Ira Winkler on Recognizing and Stopping Emerging Email Threats
If you ask a cybersecurity professional why email continues to be a primary attack vector, there’s a good chance they’ll quote a famous anecdote about bank robber Willie Sutton. When asked by reporter Mitch Ohnstad why he robbed banks, Sutton replied, “Because that’s where the money is.” And even decades later, this mentality holds true.
Threat actors today target email for a number of reasons, and money is not the only one. Not only do our email accounts contain a wealth of sensitive data, but they’re also a hub through which threat actors can gain access to just about any other account we have.

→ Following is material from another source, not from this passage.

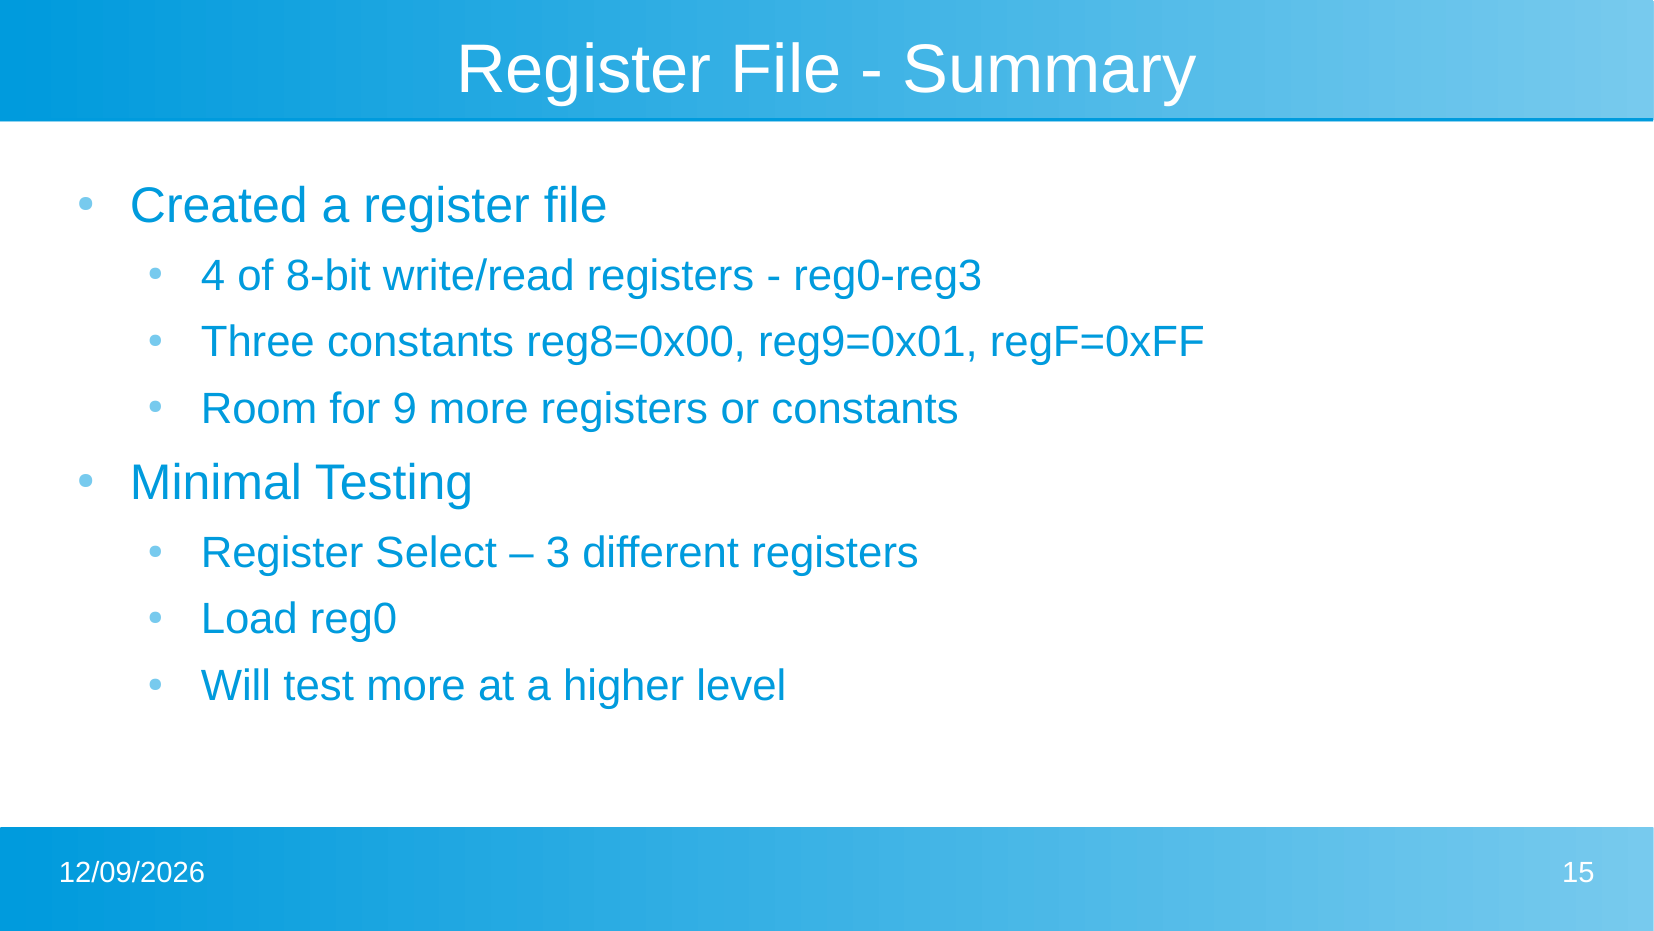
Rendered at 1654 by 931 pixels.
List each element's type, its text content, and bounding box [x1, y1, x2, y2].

title Register File - Summary [59, 29, 1595, 108]
list Created a register file 4 of 8-bit write/read registers - reg0-reg3 Three constants reg8=0x00, reg9=0x01, regF=0xFF Room for 9 more registers or constants Minimal Testing Register Select – 3 different registers Load reg0 Will test more at a higher level [59, 177, 1595, 768]

After all, email is the way we log into applications, the way we connect our business accounts, and the way we reset passwords. Gaining access to an email account provides a multitude of opportunities to move throughout the entire application ecosystem—making it truly the easiest way to further infiltrate organizations
While inbound email attacks remain a major concern and should be treated as such, there’s an emerging threat that enterprises also need to be aware of as they work to secure their cloud environments: email platform attacks.
In a recent webinar, Ira Winkler, Executive Director of the Human Security Engineering Consortium and former Chief Security Architect at Walmart, shared his insights on risks to cloud email environments and what enterprises can do to prevent these threats.
How the Shift to the Cloud Has Impacted Email Security
“If people all over can access a cloud, the bad guys can try to access that cloud as well.”
—Ira Winkler
For decades, every organization’s IT infrastructure was on-premises, and access to the network was limited exclusively to company-managed devices. Employees were restricted only to applications that were approved and managed by the IT team. As a result, there were substantially fewer entry points into the enterprise’s network.
Now, business has shifted, and on-premises technology is being increasingly replaced with cloud-based solutions—most notably Microsoft 365 and Google Workspace.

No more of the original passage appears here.